I am interested to know if there is any problems with this or any other ways around this?
(Edit 6 Feb to state the top 4 reasons a little clearer, it does not invalidate any rebuttals or their counters from later in the thread)
- There are two professions used to create mounts (taming and animal husbandry), both of them need to stay relevant in the end game.
- Mounts do not really degrade in any meaningful way for these professions, vs something like a sword which requires the blacksmith to repair it.
- About 1 month after release the "common" horse will most definitely be the LEAST common mount in the game and might as well not even exist, the "rare" and "uncommon" mounts will be everywhere.
- Every player will have a complete zoo after a few months, new players that are trying to learn these professions will be totally useless because only the few AAA+ professionals will be relevant.
We really just need an incentive to release mounts back to the wild (or a reason to grind them up for resources if you have no feelings).
The simplest way to do this is actually to implement a little reality: I don't currently operate a zoo mainly because I can't afford to feed 1000 animals every day.
A requirement of a bushel of hay a week for a common horse and something more obscure for the rare mounts would solve all of these problems. If you don't feed them they will simply be too hungry to carry your sorry arse around, wait another week and they will escape to go and find their own food.
Mounts that are up for sale on the market would not need to be fed by the seller, that would make it so that this mechanic is not a block to the economy but actually drives more sales, many people like to change up their mount every so often. I'm looking at you Russell Brand.
This actually improves the whole economy, not just the mount professions because we could have things like an aquatic turtle that requires certain types of fish (adding synergies with the fishing profession) and a ram that requires some kind of alfalfa (or something from herbalism) and the uber horse that only eats special oats (from farming). A common horse would have something extremely common and cheap like hay, to make it the easiest mount to keep for people that just want to move a little faster and aren't too interested in the aesthetic side of it.
If you really wanted to maintain a zoo you still can, it will just cost more and require getting obscure food in some cases, which in the end will only help support the economy.
Other methods of mount sinks are not so great. I don't think outright killing of mounts in PVP or PVE is great as a sink because of the griefing factor involved. I also dislike the aging mount or timing factor because of how it takes agency away from the player. I suppose a hard limit of 3 or 4 could simply be imposed but this then stops the people who do actually want to operate a menagerie, it also loses some of the useful economical bonuses proposed above.
I am interested to know if there is any problems with this or any other ways around this?
(Edit 6 Feb to state the top 4 reasons a little clearer, it does not invalidate any rebuttals or their counters from later in the thread)
3
Comments
I would like to think that animal husbandry is to be used for more than just creating mounts.

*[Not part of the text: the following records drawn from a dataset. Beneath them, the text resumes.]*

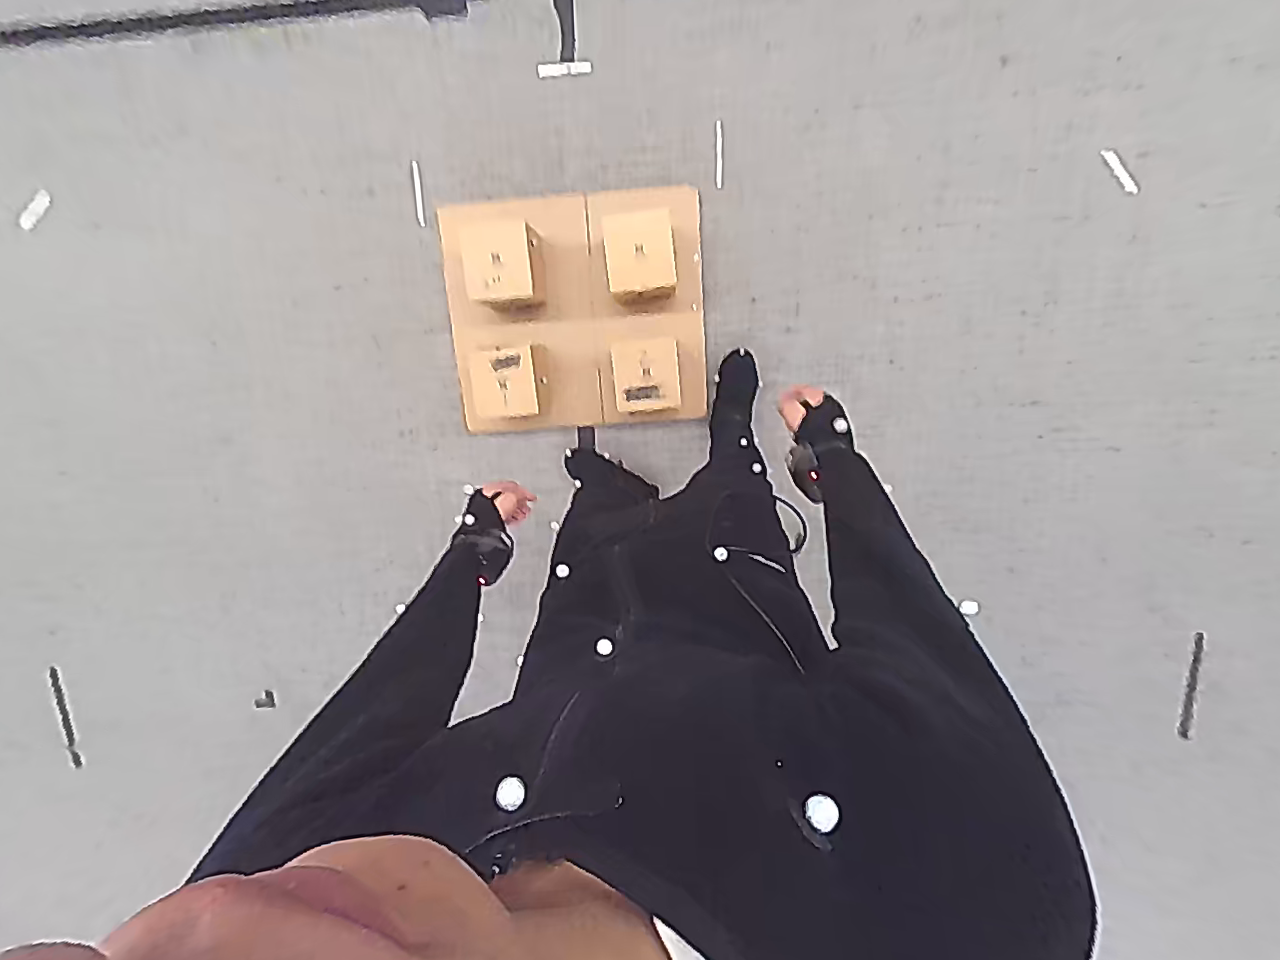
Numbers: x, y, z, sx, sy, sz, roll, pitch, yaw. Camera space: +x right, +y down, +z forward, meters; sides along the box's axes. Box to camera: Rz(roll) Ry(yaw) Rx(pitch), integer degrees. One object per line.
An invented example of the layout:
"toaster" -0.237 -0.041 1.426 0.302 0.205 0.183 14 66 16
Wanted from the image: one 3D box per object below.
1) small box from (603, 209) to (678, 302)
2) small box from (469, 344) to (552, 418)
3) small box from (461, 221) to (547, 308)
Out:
"small box" 0.002 -0.562 1.372 0.168 0.176 0.179 -7 102 4
"small box" -0.340 -0.265 1.447 0.168 0.176 0.179 -4 103 4
"small box" -0.341 -0.544 1.384 0.168 0.176 0.179 -3 102 4

It could create things like livestock to be butchered for cooking or alchemical reagents, so that the professions have a use beyond merely providing mounts.
If they are only for mounts, then I agree there will come a point where there won't be a demand for the professions since everyone will have their mounts. At which point, I would expect people to focus on/respec into other more lucrative professions and the ones who do not will have a niche market of their own for the people coming after the main wave of players, which I think isn't really that bad of an outcome.
Of your proposed solutions, I think aging would be the best. Maybe not an outright "your mount dies after 4 months" but more of a slow, constant reduction in effectiveness until you reach a point where you just replace it.
An interesting problem. I look forward to seeing the solution the devs decide on. I would put my money on there being no mount sink, and animal husbandry having a boom of popularity early on in a servers life and then sinking into it's role, be that what it may, later on.
https://youtu.be/FkWLLLOlm2E?t=32m35s
This info is available on the Wiki, it’s easy to find.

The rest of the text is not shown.